# WORK TO COMPLETE
Word for word, restate the lines from the top of the records below through the line with "1. name: x y z sx sy sz roll pitch yaw", both included, with no pictures in the result.
------ INFORMATION
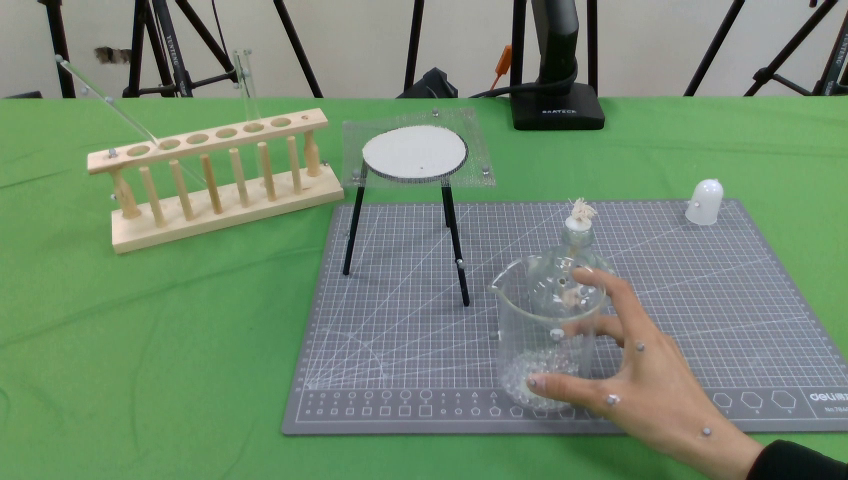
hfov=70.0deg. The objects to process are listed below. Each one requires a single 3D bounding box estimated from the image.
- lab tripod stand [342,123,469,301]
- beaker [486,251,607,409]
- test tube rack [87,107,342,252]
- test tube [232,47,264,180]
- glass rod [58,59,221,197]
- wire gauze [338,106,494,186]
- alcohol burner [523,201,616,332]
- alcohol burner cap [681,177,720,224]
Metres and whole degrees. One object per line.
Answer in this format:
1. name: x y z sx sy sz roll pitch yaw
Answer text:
1. lab tripod stand: -0.009 -0.027 0.553 0.148 0.133 0.147 -1 41 2
2. beaker: 0.087 0.070 0.453 0.084 0.101 0.073 4 36 9
3. test tube rack: -0.218 -0.069 0.655 0.243 0.086 0.066 -16 41 -17
4. test tube: -0.185 -0.131 0.651 0.017 0.151 0.017 0 36 0
5. glass rod: -0.278 -0.104 0.611 0.008 0.202 0.008 -20 46 22
6. wire gauze: -0.011 -0.079 0.510 0.125 0.011 0.120 -5 39 -2
7. alcohol burner: 0.123 0.019 0.507 0.078 0.120 0.077 -1 37 1
8. alcohol burner cap: 0.292 -0.044 0.637 0.034 0.048 0.033 -1 39 1
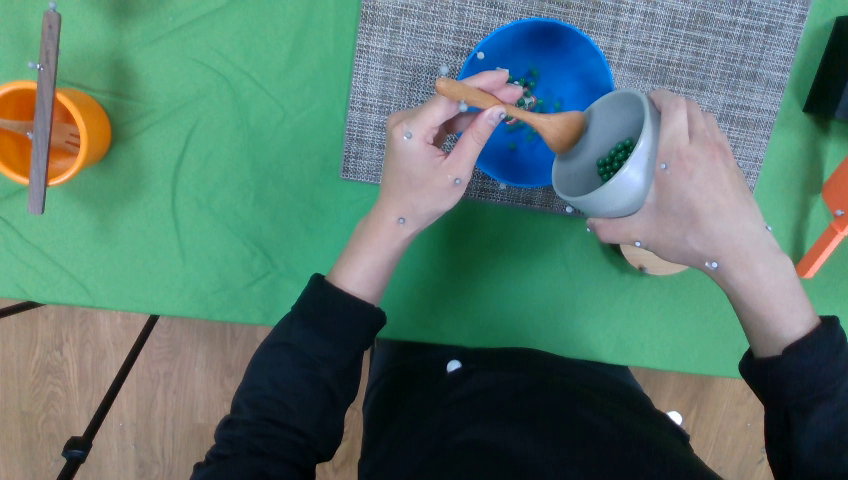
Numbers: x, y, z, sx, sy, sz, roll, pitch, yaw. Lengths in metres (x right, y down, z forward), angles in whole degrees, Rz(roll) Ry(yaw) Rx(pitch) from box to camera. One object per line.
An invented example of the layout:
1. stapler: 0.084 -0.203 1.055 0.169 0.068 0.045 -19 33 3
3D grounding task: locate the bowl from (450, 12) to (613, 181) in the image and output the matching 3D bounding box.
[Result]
1. bowl: 0.096 -0.137 0.584 0.151 0.076 0.152 -1 107 -5

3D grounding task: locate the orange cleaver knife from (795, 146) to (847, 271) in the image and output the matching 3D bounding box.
1. orange cleaver knife: 0.452 -0.055 0.642 0.012 0.076 0.213 3 136 -9

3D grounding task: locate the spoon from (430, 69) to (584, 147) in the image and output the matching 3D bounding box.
1. spoon: 0.071 -0.104 0.471 0.195 0.021 0.042 5 122 -43

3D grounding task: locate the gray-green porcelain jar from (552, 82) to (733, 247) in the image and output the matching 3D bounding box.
1. gray-green porcelain jar: 0.193 -0.059 0.529 0.127 0.105 0.106 27 103 -25

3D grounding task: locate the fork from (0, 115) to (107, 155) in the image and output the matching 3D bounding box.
1. fork: -0.379 -0.109 0.515 0.028 0.018 0.209 -52 148 17

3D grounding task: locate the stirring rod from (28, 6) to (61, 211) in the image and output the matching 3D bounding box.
1. stirring rod: -0.325 -0.109 0.519 0.014 0.006 0.176 11 106 -11

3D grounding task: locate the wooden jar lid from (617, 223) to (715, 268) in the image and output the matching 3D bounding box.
1. wooden jar lid: 0.263 -0.022 0.663 0.108 0.020 0.109 -1 112 -2
------------
# SOLUTION TO THE EXERCISE
hfov=70.0deg. The objects to process are listed below. Each one requires a single 3D bounding box estimated from the image.
- lab tripod stand [342,123,469,301]
- beaker [486,251,607,409]
- test tube rack [87,107,342,252]
- test tube [232,47,264,180]
- glass rod [58,59,221,197]
- wire gauze [338,106,494,186]
- alcohol burner [523,201,616,332]
- alcohol burner cap [681,177,720,224]
Metres and whole degrees. One object per line.
Answer in this format:
1. name: x y z sx sy sz roll pitch yaw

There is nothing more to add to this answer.